Будь у Биргитты хоть немного сил, она навалилась бы на этого слизняка и придушила бы его тяжестью собственного тела. Но сил у нее нет. Она не в состоянии даже заткнуть руками уши, чтобы не слышать его голоса. А впрочем, какая разница... Слова уже сказаны, эти его слова, навечно засевшие в ее подкорке.
— Мать твою, — отдается в памяти его голос, и корявая ладонь ложится ей на лицо. — Мать твою, такая уродина, что аж пиписка валится...
Биргитта, закрыв глаза и затаив дыхание, снова ищет в памяти хор и скрипки, и могучие руки Дога, и молочно-белую Мэрилин Монро из Муталы. Но фильм кончился, только бобина безутешно крутится, шелестит оборванная пленка, а кадров больше нет.
Она зажмуривается изо всех сил, так что глаза превращаются в две черные полоски, силясь вернуться в утешительное воспоминание.
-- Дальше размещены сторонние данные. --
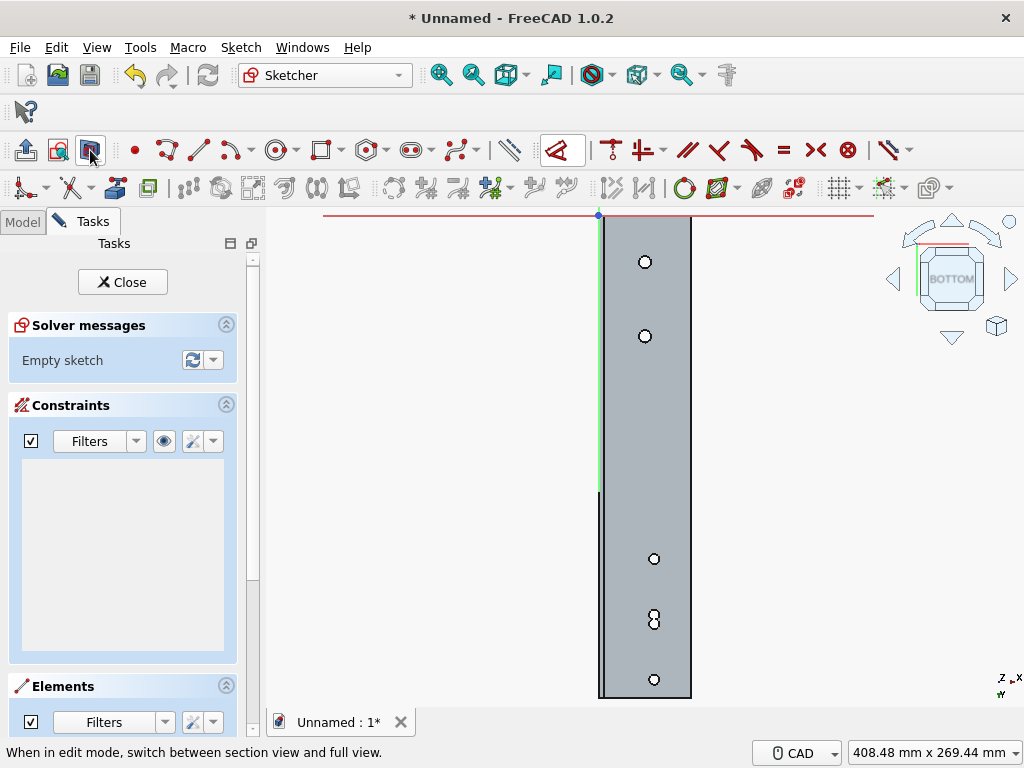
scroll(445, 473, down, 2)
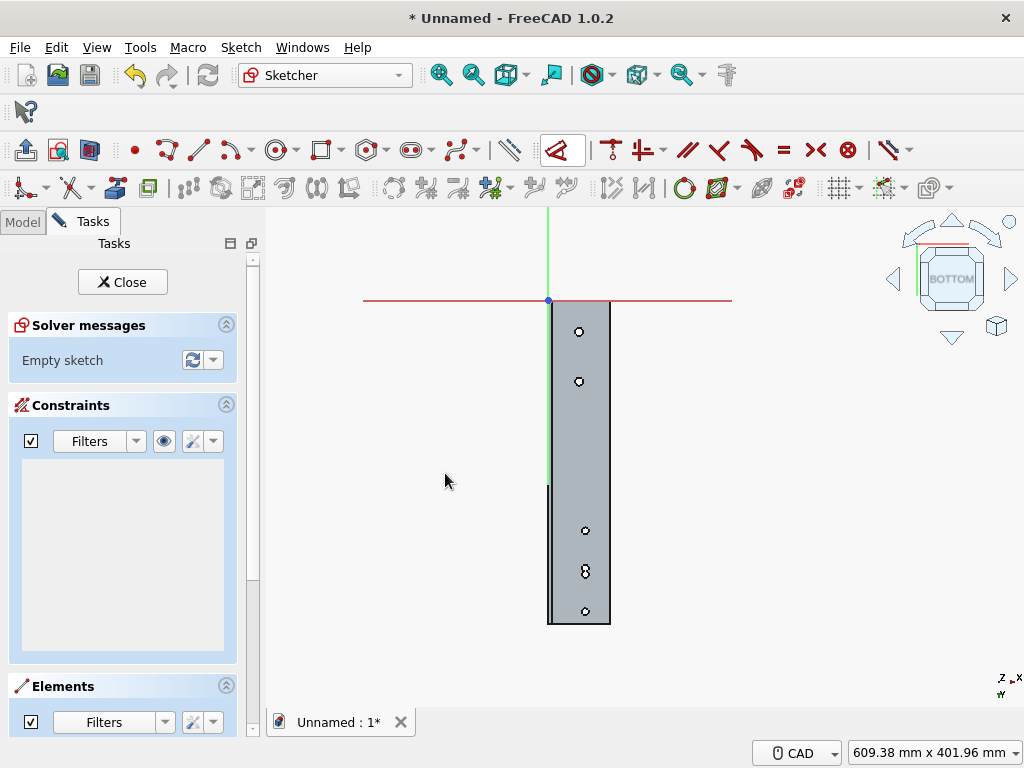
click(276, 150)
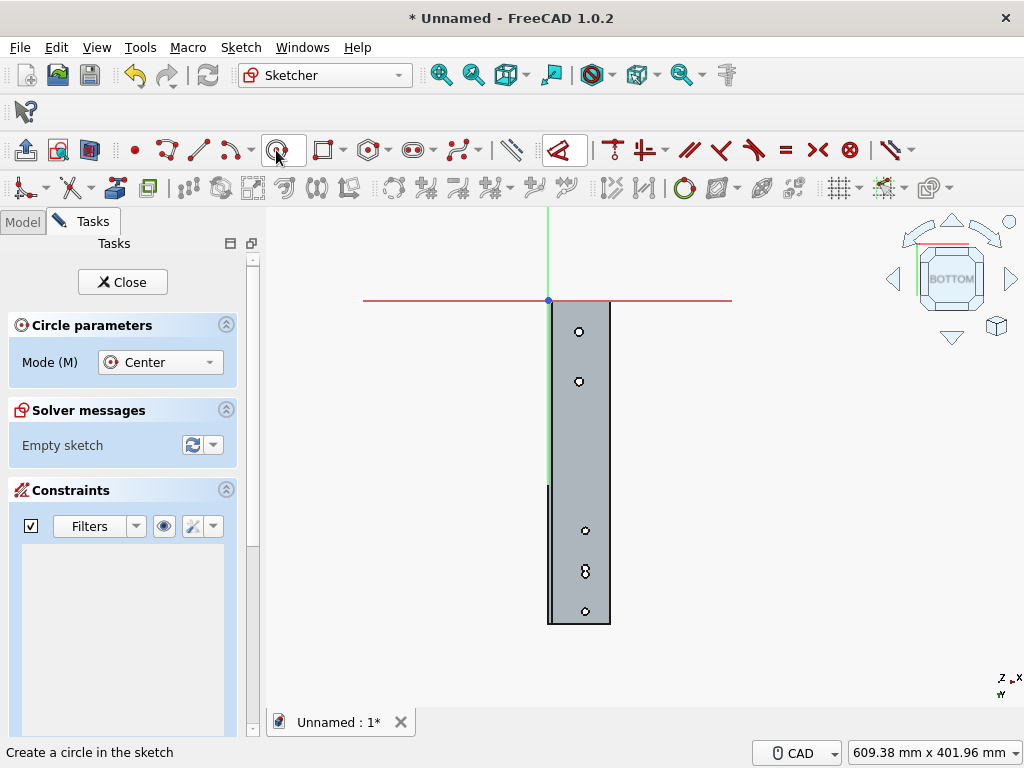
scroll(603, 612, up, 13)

И когда это не удается, приподымает веки и смотрит на Роджера. Сегодня она наконец вышвырнет эту сволочь.
«Весна, — думала Сеси. — Сегодня ночью я побываю во всем, что живет на свете».
Перед самым рассветом все коридорные звуки внезапно меняются, в шепот и мягкие шаги ночных дежурных врывается стук каблуков и звонкие, как стекло, голоса. Это утренняя смена. Кроме того, сегодня смена Черстин Первой. Это ощущается даже в самом воздухе, — еще до ее прихода в нем начинаются особые, деловитые вибрации. Перед сменой Черстин Второй воздух неподвижен и пахнет кофе.
Сегодня среда. Может, получится принять душ. С прошлого раза минула уже неделя, и кисло-сладкий запах моего тела сделался тошнотворным. Он мешает сосредоточиться. Обоняние мое, стало быть, в полном порядке. Тем хуже.
Я делаю долгие осмысленные выдохи в мундштук, и экран монитора над моей кроватью принимается мигать в ответ:
...«Желаете ли вы сохранить текст после завершения работы? Да/Нет?»
Короткий выдох, что означает: да, я желаю сохранить текст. Монитор шипит и гаснет.
Только теперь я чувствую, как устали глаза. Под веками жжет, нужно передохнуть в темноте. И лучше притвориться, что спишь, — на тот случай, если Черстин Первая затеет утренний обход. Если она узнает, что я не спала всю ночь, то не избежать нотации о важности соблюдения режима дня. Чего доброго, еще прикажет какой-нибудь из своих подчиненных — так называемых воспитательниц — примотать меня к креслу-коляске и отвезти на очередной незатейливый интеллектуальный конкурс. Вроде тренировки памяти для четырехлеток. Или детского лото. Первый приз — непременно апельсин, а победителю полагается улыбнуться и перестать пускать слюни. Поэтому я никогда не выигрываю, сколько бы моих картинок ни выпало. Черстин Первая подтасовывает карточки. Пациенты с «проблемами в области взаимоотношений», как она выражается на американизированном жаргоне социальной службы, вообще не должны выигрывать. Иначе исчезает терапевтический смысл этих соревнований. Моя проблема здесь состоит в том, что я притворяюсь, будто не умею улыбаться. Я пускаю слюни, гримасничаю и прикидываюсь, будто я в отчаянии оттого, что уголки рта не желают мне подчиниться, когда воспитательница искушает меня призовым апельсином, — но так и не улыбаюсь. А Черстин Первая, знающая, что все это сплошное притворство, всякий раз стискивает зубы от ярости. И все же ухитряется не обвинять меня открыто: нянечки и сиделки ни в коем случае не должны узнать, что на самом деле я ей однажды улыбнулась.